Exercise aim
Apart from the images, the entire listing below must be restated word for word.

Dataset extract
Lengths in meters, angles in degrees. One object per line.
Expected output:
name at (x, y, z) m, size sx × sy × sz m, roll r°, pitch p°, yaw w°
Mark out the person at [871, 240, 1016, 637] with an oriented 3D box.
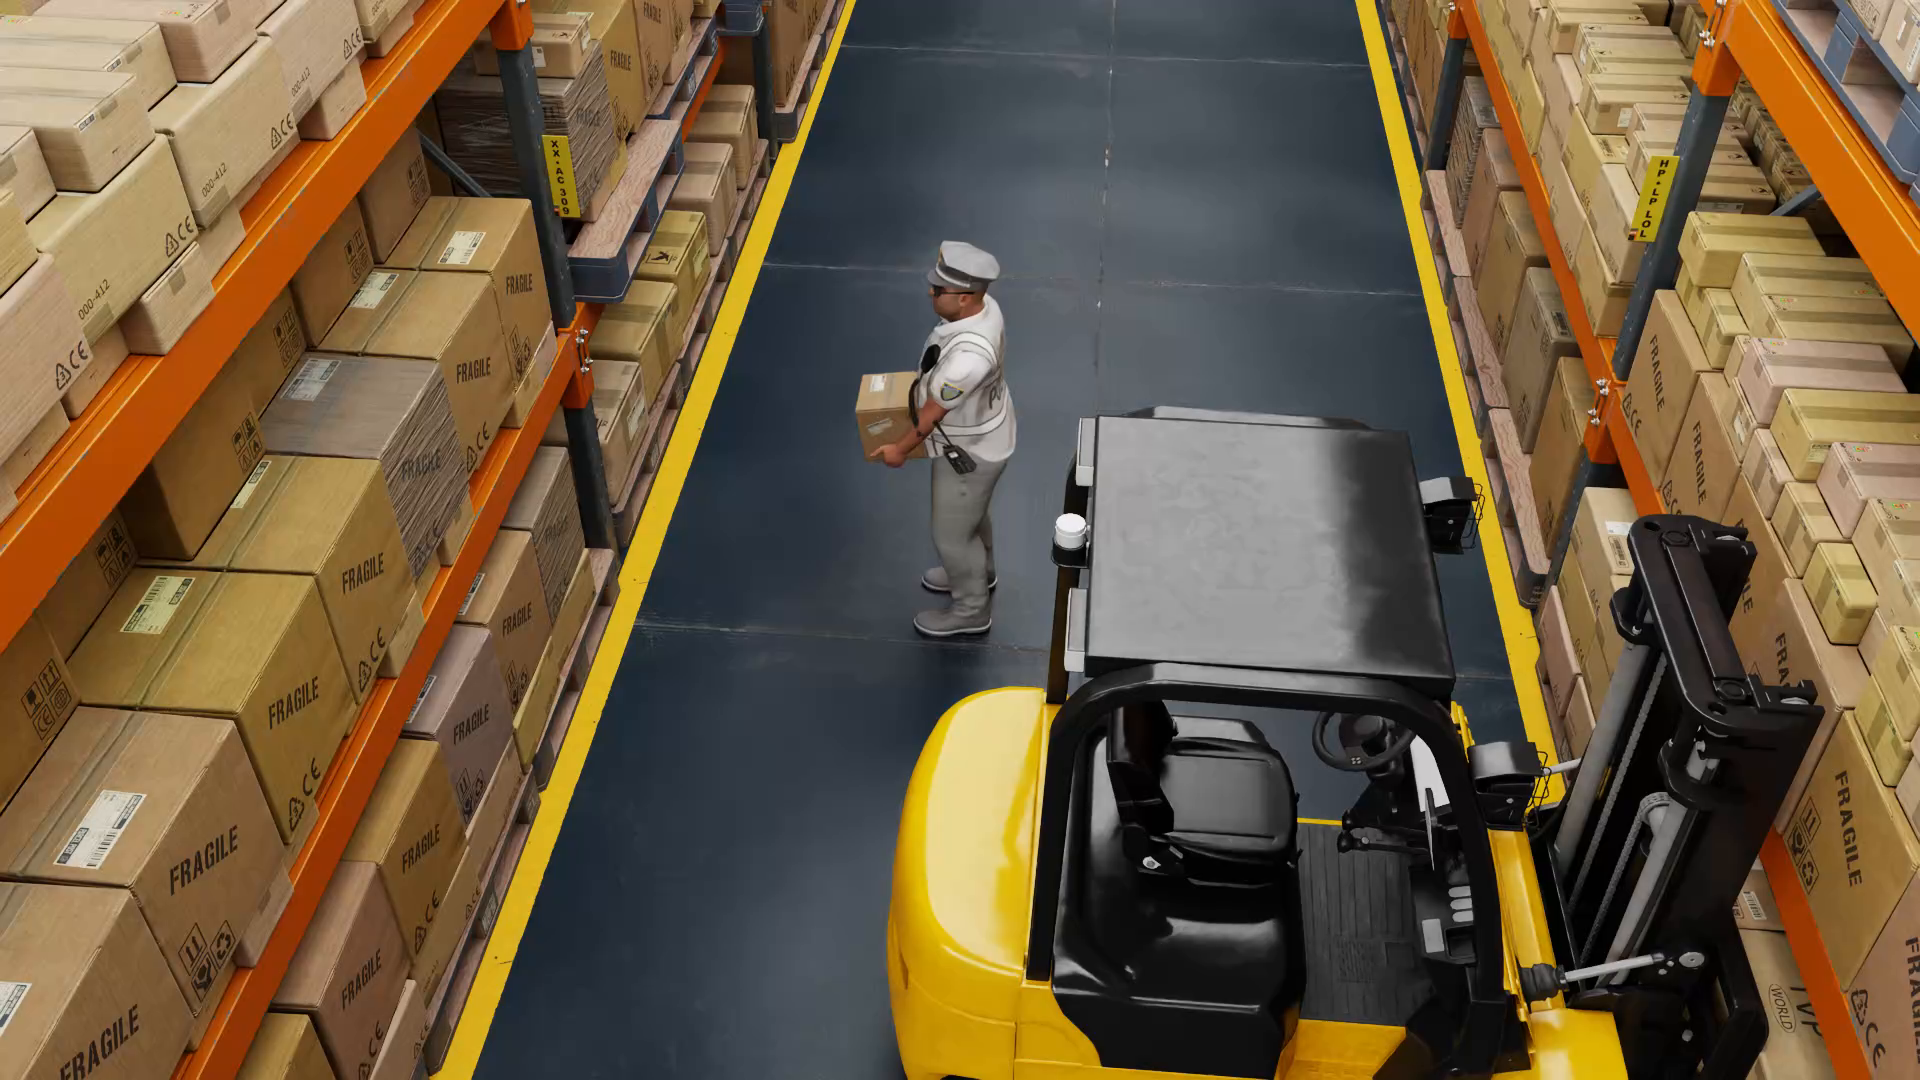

Result
Lengths in meters, angles in degrees. One object per line.
Expected output:
name at (x, y, z) m, size sx × sy × sz m, roll r°, pitch p°, yaw w°
Mark out the person at [871, 240, 1016, 637] with an oriented 3D box.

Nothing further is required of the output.